SBDS(R126T) rescues survival of sbds(−/−) zebrafish in a dose-dependent manner independently of Tp53

Defects in ribosomal biogenesis profoundly affect organismal development and cellular function, and these ribosomopathies produce a variety of phenotypes. One ribosomopathy, Shwachman–Diamond syndrome (SDS) is characterized by neutropenia, pancreatic exocrine insufficiency, and skeletal anomalies. SDS results from biallelic mutations in SBDS, which encodes a ribosome assembly factor. Some individuals express a missense mutation, SBDS(R126T), along with the common K62X mutation. We reported that the sbds-null zebrafish phenocopies much of SDS. We further showed activation of Tp53-dependent pathways before the fish died during the larval stage. Here, we expressed SBDS(R126T) as a transgene in the sbds(−/−) background. We showed that one copy of the SBDS(R126T) transgene permitted the establishment of maternal zygotic sbds-null fish which produced defective embryos with cdkn1a up-regulation, a Tp53 target involved in cell cycle arrest. None survived beyond 3 dpf. However, two copies of the transgene resulted in normal development and lifespan. Surprisingly, neutropenia persisted. The surviving fish displayed suppression of female sex differentiation, a stress response in zebrafish. To evaluate the role of Tp53 in the pathogenesis of sbds(−/−) fish phenotype, we bred the fish with a DNA binding deficient allele, tp53(M214K).
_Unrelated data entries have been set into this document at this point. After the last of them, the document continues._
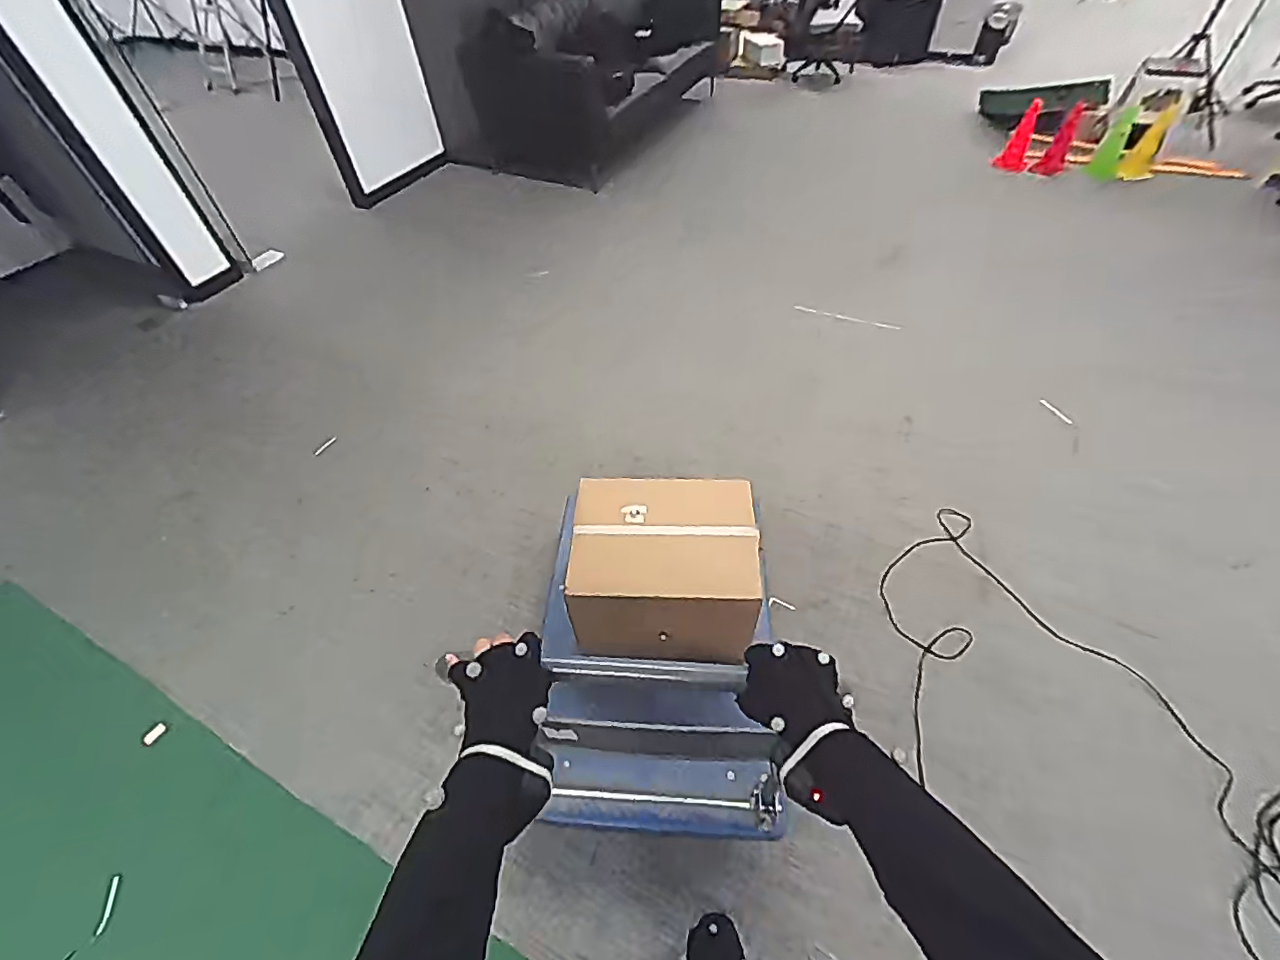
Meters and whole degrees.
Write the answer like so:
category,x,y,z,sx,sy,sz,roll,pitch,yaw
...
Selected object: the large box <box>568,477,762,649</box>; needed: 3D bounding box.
category,x,y,z,sx,sy,sz,roll,pitch,yaw
large box,0.061,0.206,1.307,0.408,0.320,0.320,0,50,4

Expression of the loss-of-function tp53(M214K) did not rescue neutropenia or survival in sbds-null zebrafish. Increased expression of cdkn1a was abrogated in the tp53(M214K/M214K);sbds(−/−) fish. We conclude that the amount of SBDS(R126T) protein is important for development, inactivation of Tp53 fails to rescue neutropenia or survival in the sbds-null background, and cdkn1a up-regulation was dependent on WT tp53. We hypothesize that additional pathways are involved in the pathophysiology of SDS.